(Stored data)
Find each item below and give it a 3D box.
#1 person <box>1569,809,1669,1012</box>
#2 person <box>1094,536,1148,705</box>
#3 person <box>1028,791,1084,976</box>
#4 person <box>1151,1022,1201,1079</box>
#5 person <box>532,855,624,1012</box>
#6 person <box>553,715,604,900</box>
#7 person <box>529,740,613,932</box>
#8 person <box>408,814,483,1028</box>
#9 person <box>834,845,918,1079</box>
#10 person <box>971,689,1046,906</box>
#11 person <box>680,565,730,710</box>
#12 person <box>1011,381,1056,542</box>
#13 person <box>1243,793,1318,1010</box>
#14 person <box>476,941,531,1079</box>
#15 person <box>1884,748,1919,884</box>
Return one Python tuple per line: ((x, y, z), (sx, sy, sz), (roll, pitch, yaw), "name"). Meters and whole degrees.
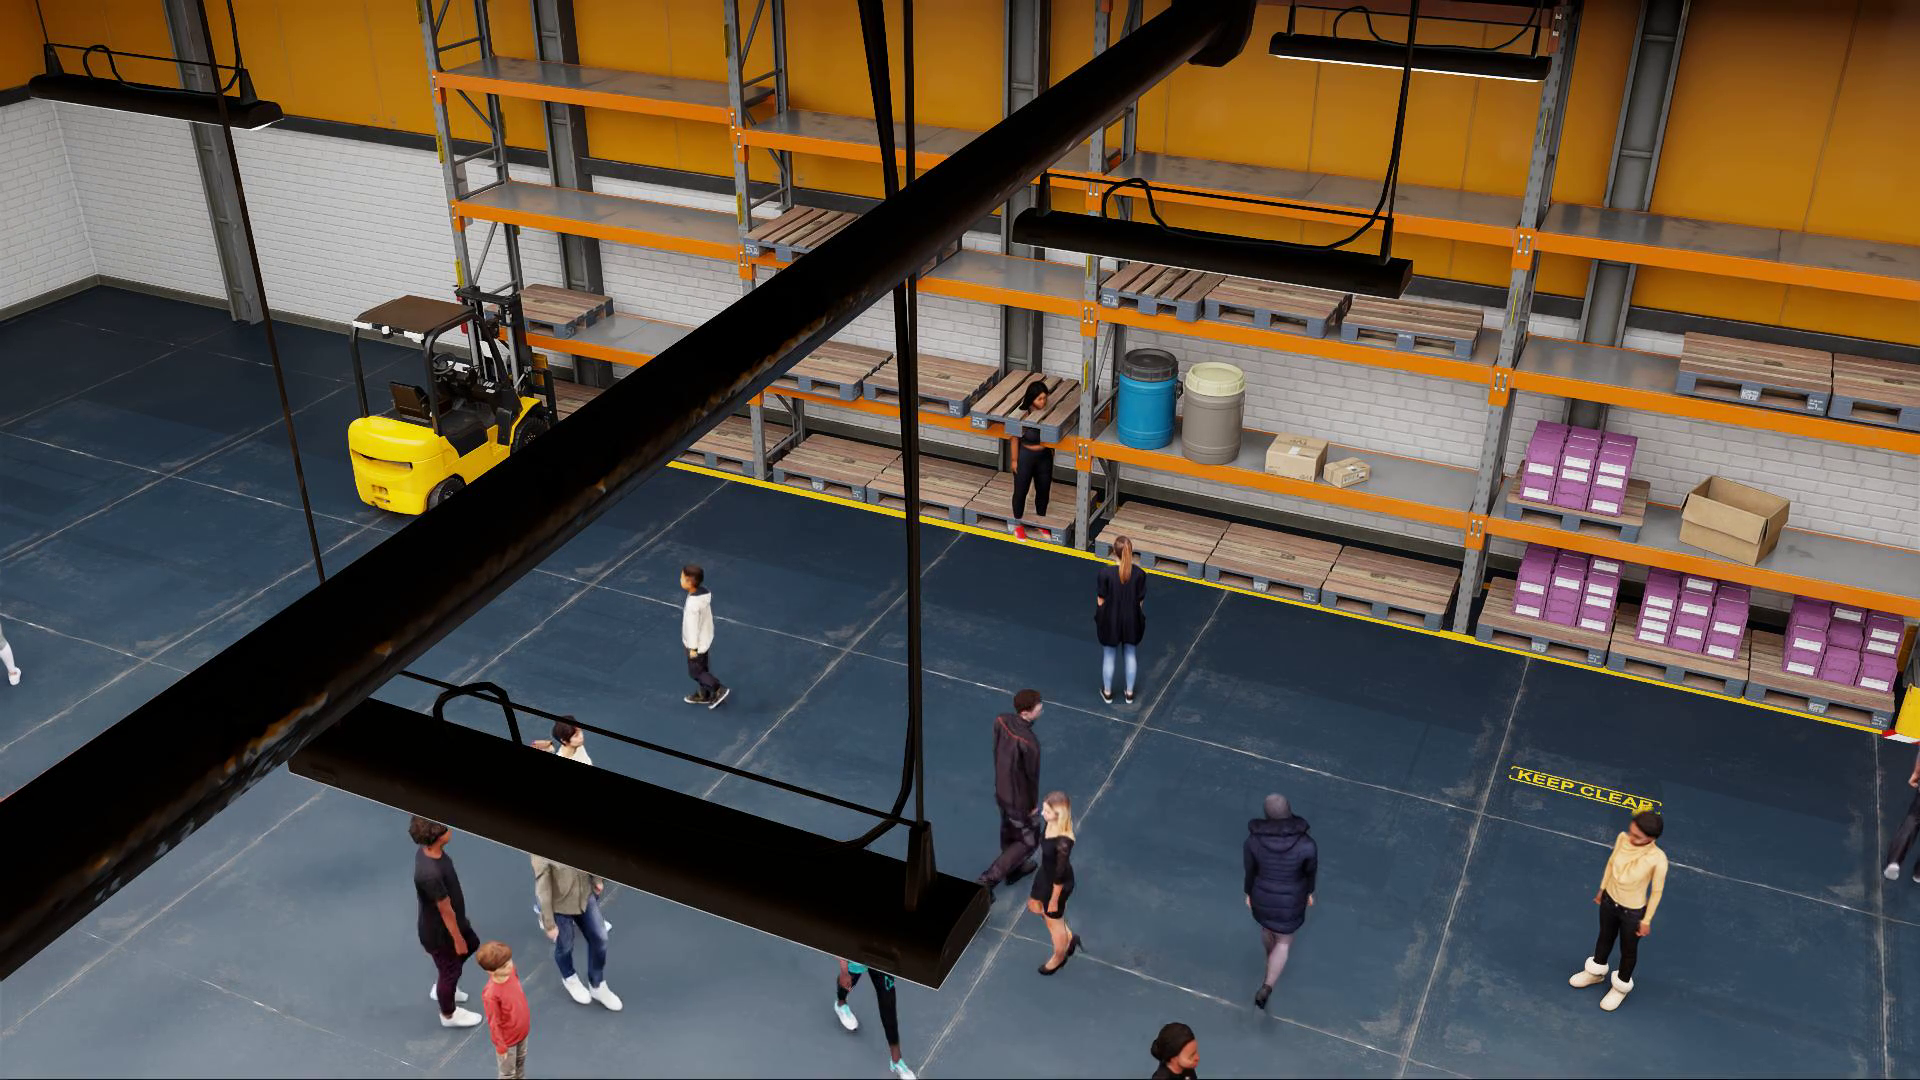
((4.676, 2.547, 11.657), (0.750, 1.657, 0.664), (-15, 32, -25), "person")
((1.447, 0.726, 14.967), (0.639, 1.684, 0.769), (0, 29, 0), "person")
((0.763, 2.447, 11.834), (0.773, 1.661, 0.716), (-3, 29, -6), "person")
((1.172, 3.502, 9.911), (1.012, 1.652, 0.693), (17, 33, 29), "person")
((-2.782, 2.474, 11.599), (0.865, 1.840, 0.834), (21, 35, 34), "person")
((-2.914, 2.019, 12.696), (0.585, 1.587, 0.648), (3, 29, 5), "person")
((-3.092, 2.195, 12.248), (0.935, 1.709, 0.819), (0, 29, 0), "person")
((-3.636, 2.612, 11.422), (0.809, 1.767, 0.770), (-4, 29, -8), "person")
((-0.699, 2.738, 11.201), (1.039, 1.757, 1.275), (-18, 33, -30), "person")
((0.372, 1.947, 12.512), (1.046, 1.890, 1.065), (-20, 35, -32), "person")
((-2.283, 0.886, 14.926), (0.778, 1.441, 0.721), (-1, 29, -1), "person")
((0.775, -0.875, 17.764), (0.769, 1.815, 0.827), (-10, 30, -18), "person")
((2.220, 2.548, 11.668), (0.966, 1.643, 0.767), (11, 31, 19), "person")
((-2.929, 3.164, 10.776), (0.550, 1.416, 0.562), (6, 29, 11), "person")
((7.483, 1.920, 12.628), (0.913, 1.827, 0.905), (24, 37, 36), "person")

...

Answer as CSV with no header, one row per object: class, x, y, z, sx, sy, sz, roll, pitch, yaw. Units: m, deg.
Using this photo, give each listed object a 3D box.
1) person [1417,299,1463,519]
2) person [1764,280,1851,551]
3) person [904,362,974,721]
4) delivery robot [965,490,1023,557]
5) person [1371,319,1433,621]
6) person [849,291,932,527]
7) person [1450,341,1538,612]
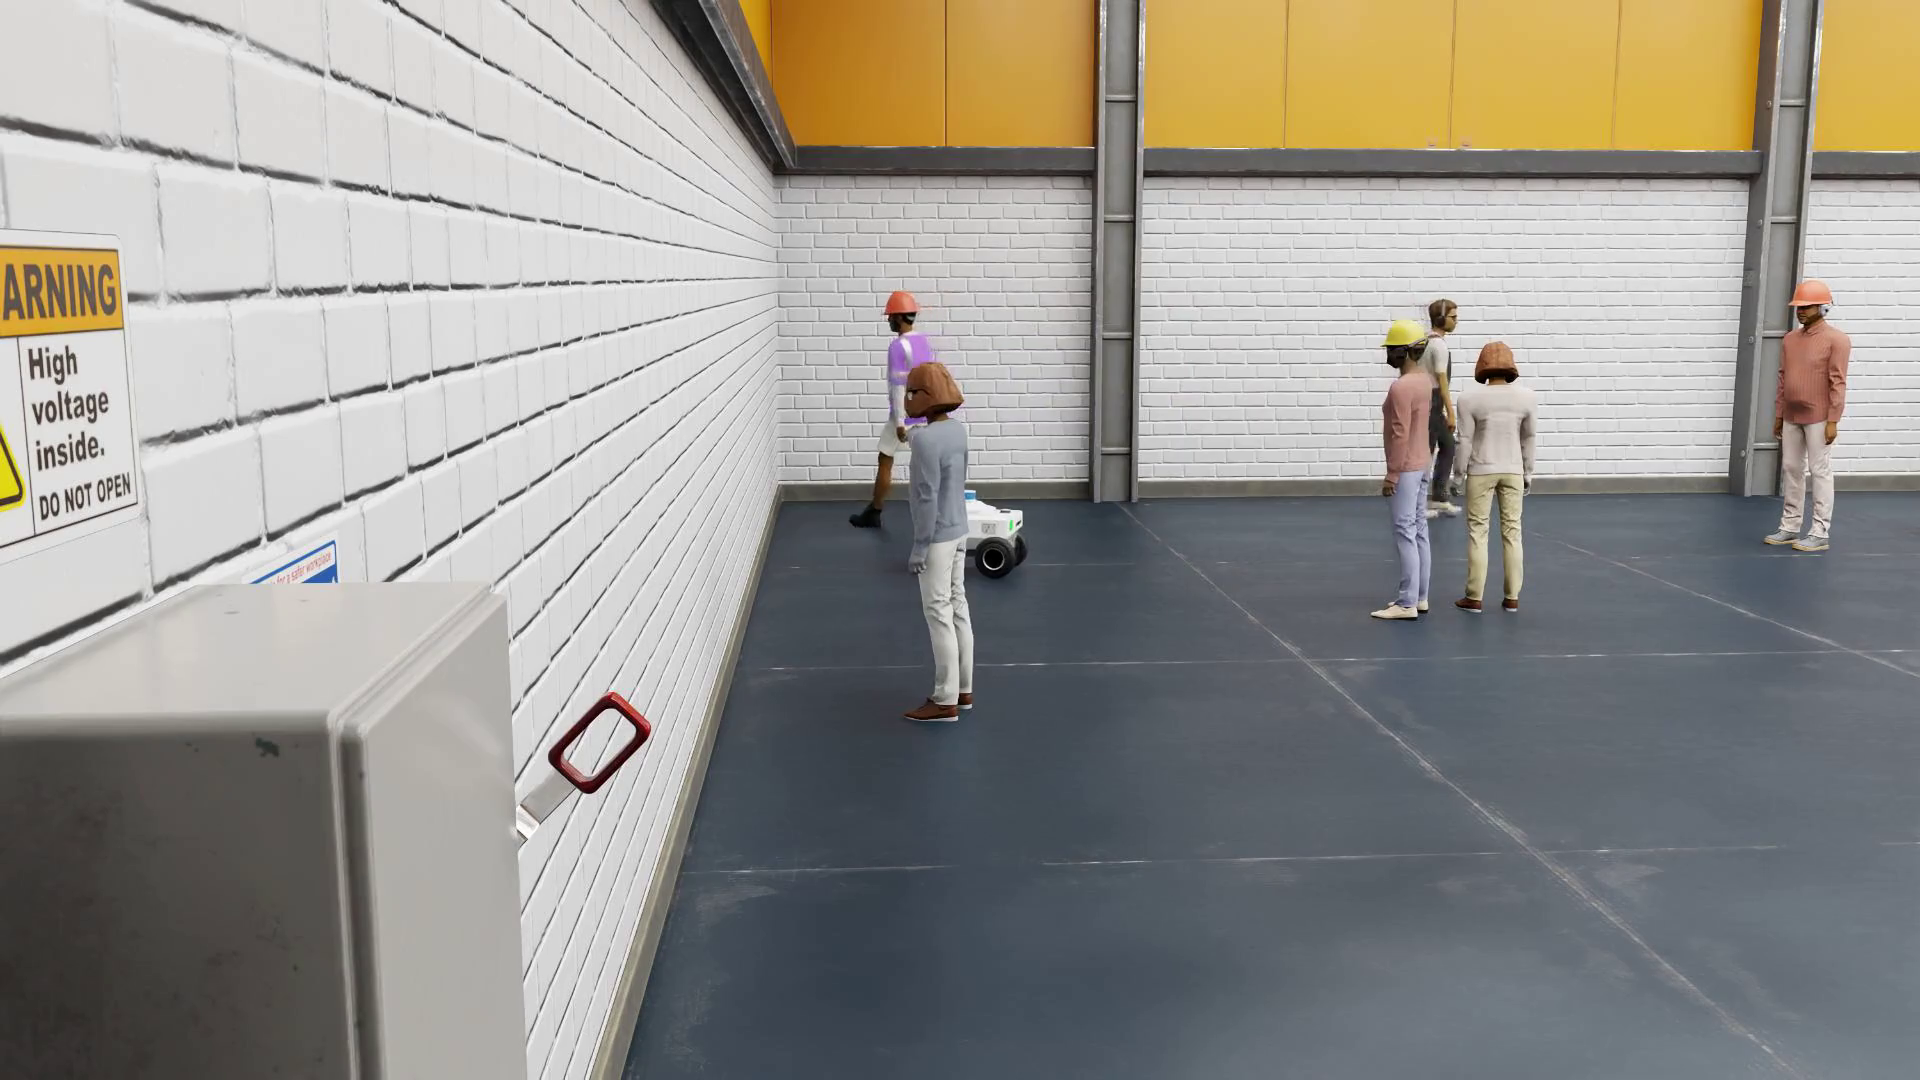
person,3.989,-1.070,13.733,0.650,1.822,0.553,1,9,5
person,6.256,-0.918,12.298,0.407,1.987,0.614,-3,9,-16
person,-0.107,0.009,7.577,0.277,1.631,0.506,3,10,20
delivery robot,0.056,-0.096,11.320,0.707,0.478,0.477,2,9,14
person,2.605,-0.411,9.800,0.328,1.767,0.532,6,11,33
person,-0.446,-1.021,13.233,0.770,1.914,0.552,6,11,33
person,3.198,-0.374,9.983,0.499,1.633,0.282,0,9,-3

What to do: Give again exactly, and only, the lines above starting at the one with "4) delivery robot [965,490,1023,557]" and ending at the one with "6) person [849,291,932,527]".

The completed task:
4) delivery robot [965,490,1023,557]
5) person [1371,319,1433,621]
6) person [849,291,932,527]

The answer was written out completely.